I would like to have the following code in c++17:
#include <iostream>
#include <string>
#include <type_traits>
#include <functional>
class Foo;
template<class T>
class Bar {
public:
std::function<T(Foo&)> m_fn;
template<class Fn>
Bar(Fn fn) : m_fn(fn) {};
T thing(Foo &foo) const {
return m_fn(foo);
}
};
template<class Fn>
Bar(Fn) -> Bar<decltype(std::invoke(std::declval<Fn>(),
std::declval<Foo&>()))>;
class Foo {
public:
Foo() {};
template<class T>
std::vector<T> do_thing(const Bar<T> &b) {
std::vector<T> r;
r.push_back(b.thing(*this));
return r;
}
};
std::string test(Foo &) {
return "hello";
}
int main() {
Foo foo = Foo();
// works
std::vector<std::string> s = foo.do_thing(Bar{test});
// cant deduce T parameter to do_thing
std::vector<std::string> s = foo.do_thing({test});
}
But compiling this gives me "couldn't deduce template parameter ‘T’" on the call to do_thing
.
Having do_thing(Bar{test})
fixes this and works fine but equates to some ugly code in the real code equivalent.

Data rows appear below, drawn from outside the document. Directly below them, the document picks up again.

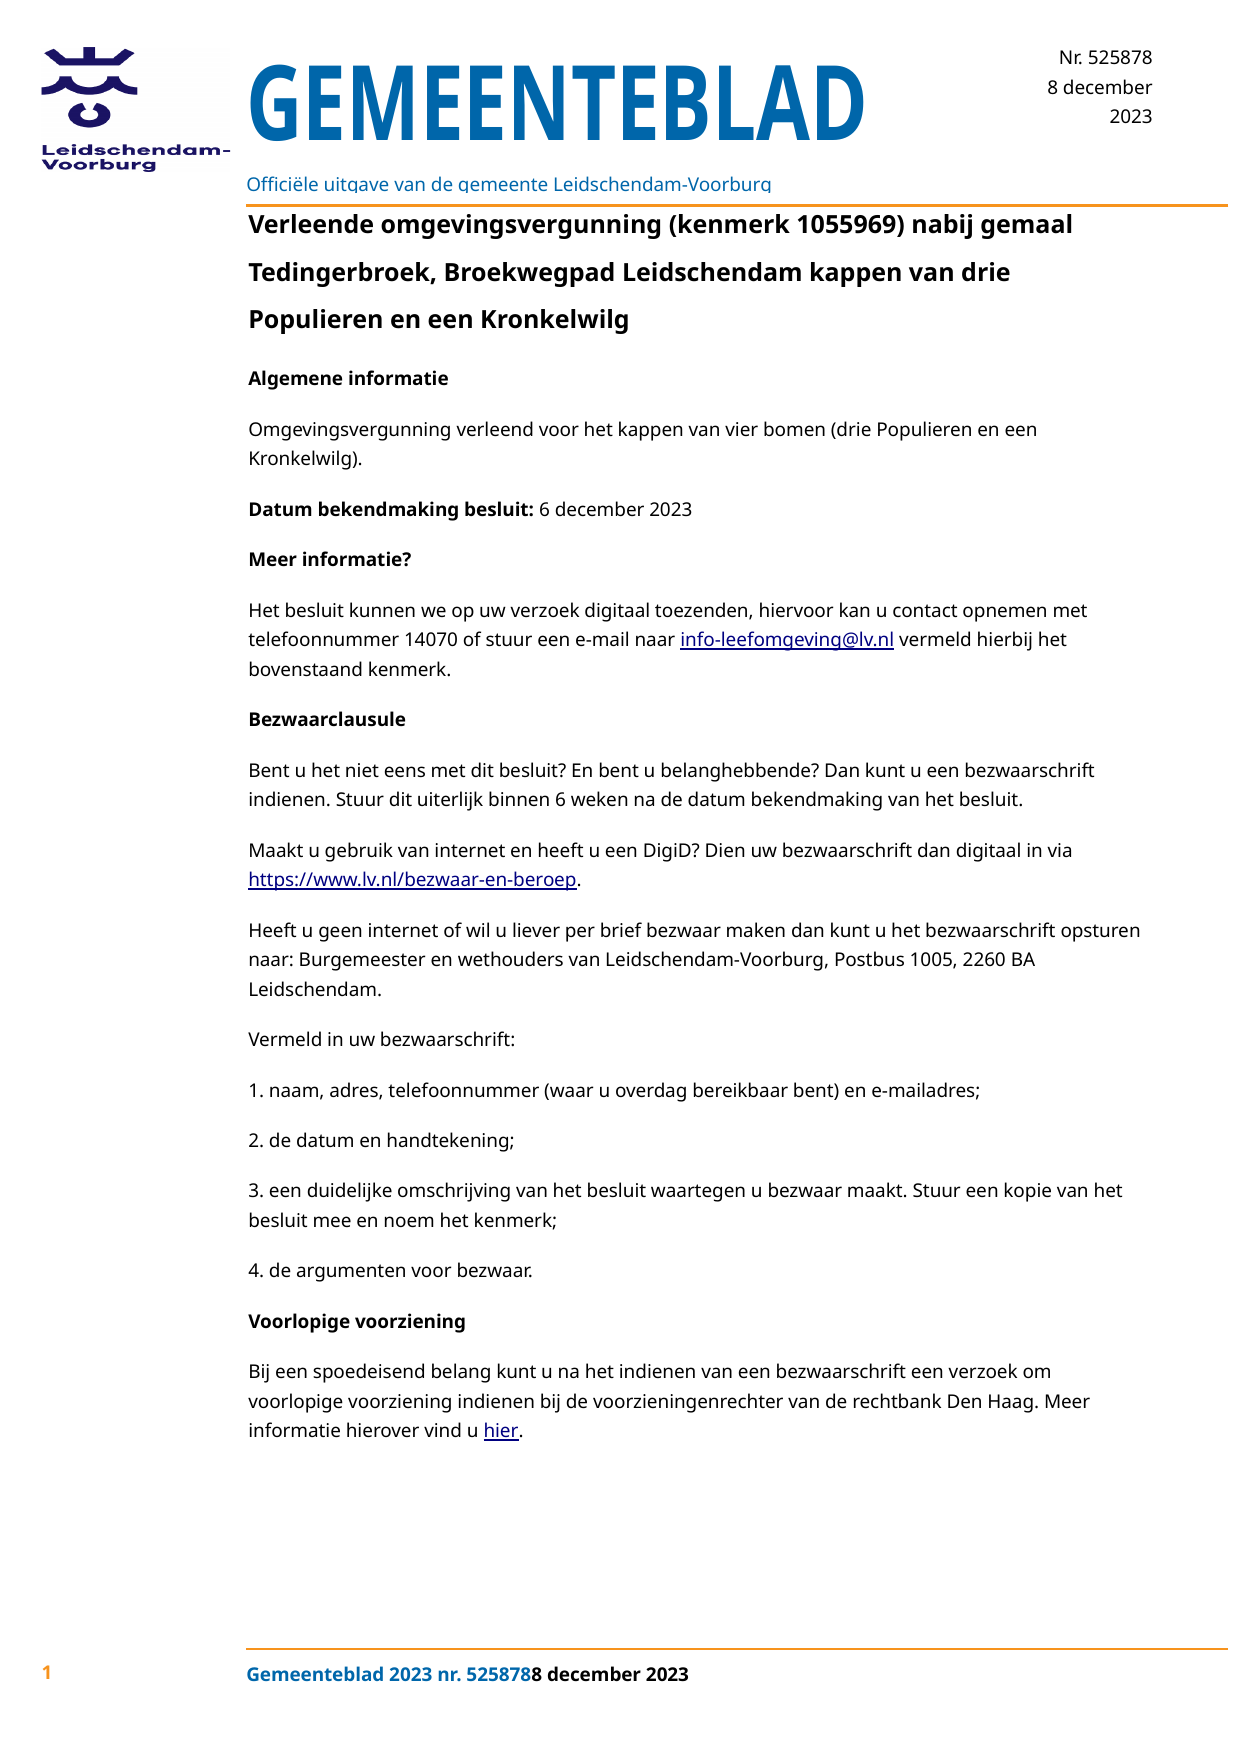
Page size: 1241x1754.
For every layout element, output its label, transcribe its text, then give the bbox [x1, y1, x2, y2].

text 3. een duidelijke omschrijving van het besluit waartegen u bezwaar maakt. Stuur een kopie van het besluit mee en noem het kenmerk; [248, 1178, 1152, 1233]
text Omgevingsvergunning verleend voor het kappen van vier bomen (drie Populieren en een Kronkelwilg). [248, 416, 1152, 471]
text Datum bekendmaking besluit: 6 december 2023 [248, 496, 1152, 522]
text 2. de datum en handtekening; [248, 1127, 1152, 1153]
text Vermeld in uw bezwaarschrift: [248, 1026, 1152, 1052]
text Het besluit kunnen we op uw verzoek digitaal toezenden, hiervoor kan u contact opnemen met telefoonnummer 14070 of stuur een e-mail naar info-leefomgeving@lv.nl vermeld hierbij het bovenstaand kenmerk. [248, 597, 1152, 682]
picture [41, 47, 231, 172]
text Voorlopige voorziening [248, 1308, 1152, 1334]
text Heeft u geen internet of wil u liever per brief bezwaar maken dan kunt u het bezwaarschrift opsturen naar: Burgemeester en wethouders van Leidschendam-Voorburg, Postbus 1005, 2260 BA Leidschendam. [248, 917, 1152, 1002]
text Maakt u gebruik van internet en heeft u een DigiD? Dien uw bezwaarschrift dan digitaal in via https://www.lv.nl/bezwaar-en-beroep. [248, 837, 1152, 892]
text 4. de argumenten voor bezwaar. [248, 1258, 1152, 1283]
text Bij een spoedeisend belang kunt u na het indienen van een bezwaarschrift een verzoek om voorlopige voorziening indienen bij de voorzieningenrechter van de rechtbank Den Haag. Meer informatie hierover vind u hier. [248, 1358, 1152, 1443]
text Bent u het niet eens met dit besluit? En bent u belanghebbende? Dan kunt u een bezwaarschrift indienen. Stuur dit uiterlijk binnen 6 weken na de datum bekendmaking van het besluit. [248, 757, 1152, 812]
text Bezwaarclausule [248, 706, 1152, 732]
text Meer informatie? [248, 546, 1152, 572]
text 1. naam, adres, telefoonnummer (waar u overdag bereikbaar bent) en e-mailadres; [248, 1077, 1152, 1102]
text Verleende omgevingsvergunning (kenmerk 1055969) nabij gemaal Tedingerbroek, Broekwegpad Leidschendam kappen van drie Populieren en een Kronkelwilg [248, 207, 1152, 336]
text Algemene informatie [248, 366, 1152, 391]

I would like to have do_thing({test})
or do_thing(test)
implicitly construct a Bar
and pass that as the argument if possible.
I also don't want to forward declare a variable to pass into do_thing
either
Is there some way to guide the inference of template argument T
so that the call to do_thing
can stay clean?
Sorry for the late edit, but the arguments to the Bar constructor are over simplified in the example I included. In reality, there is an extra parameter std::optional<std::string> desc = std::nullopt
and that might change in the future (although unlikely). So constructing the Bar
inside do_thing
would be a bit hard to maintain...
would like to have
do_thing({test})
ordo_thing(test)
implicitly construct aBar
and pass that as the argument if possible.
Unfortunately, when you call do_thing({test})
or do_thing(test)
, test
(or {test}
) isn't a Bar<T>
object. So the compiler can't deduce the T
type and can't construct a Bar<T>
object.
A sort of chicken-and-egg problem.
The best I can imagine is to add, in Foo
, a do_test()
method as follows
template<typename T>
auto do_thing (T const & t)
{ return do_thing(Bar{t}); }
This way you can call (without graphs)
std::vector<std::string> s = foo.do_thing(test);
You get the same result as
std::vector<std::string> s = foo.do_thing(Bar{test});
-- EDIT --
The OP ask
is there any way of preserving the {test} brace syntax? maybe with initializer_list or something?
Yes... with std::initializer_list
template<typename T>
auto do_thing (std::initializer_list<T> const & l)
{ return do_thing(Bar{*(l.begin())}); }
but, this way, you accept also
std::vector<std::string> s = foo.do_thing(Bar{test1, test2, test3});
using only test1
Maybe a little better... another way can be through a C-style array
template <typename T>
auto do_thing (T const (&arr)[1])
{ return do_thing(arr[0]); }
This way you accept only an element.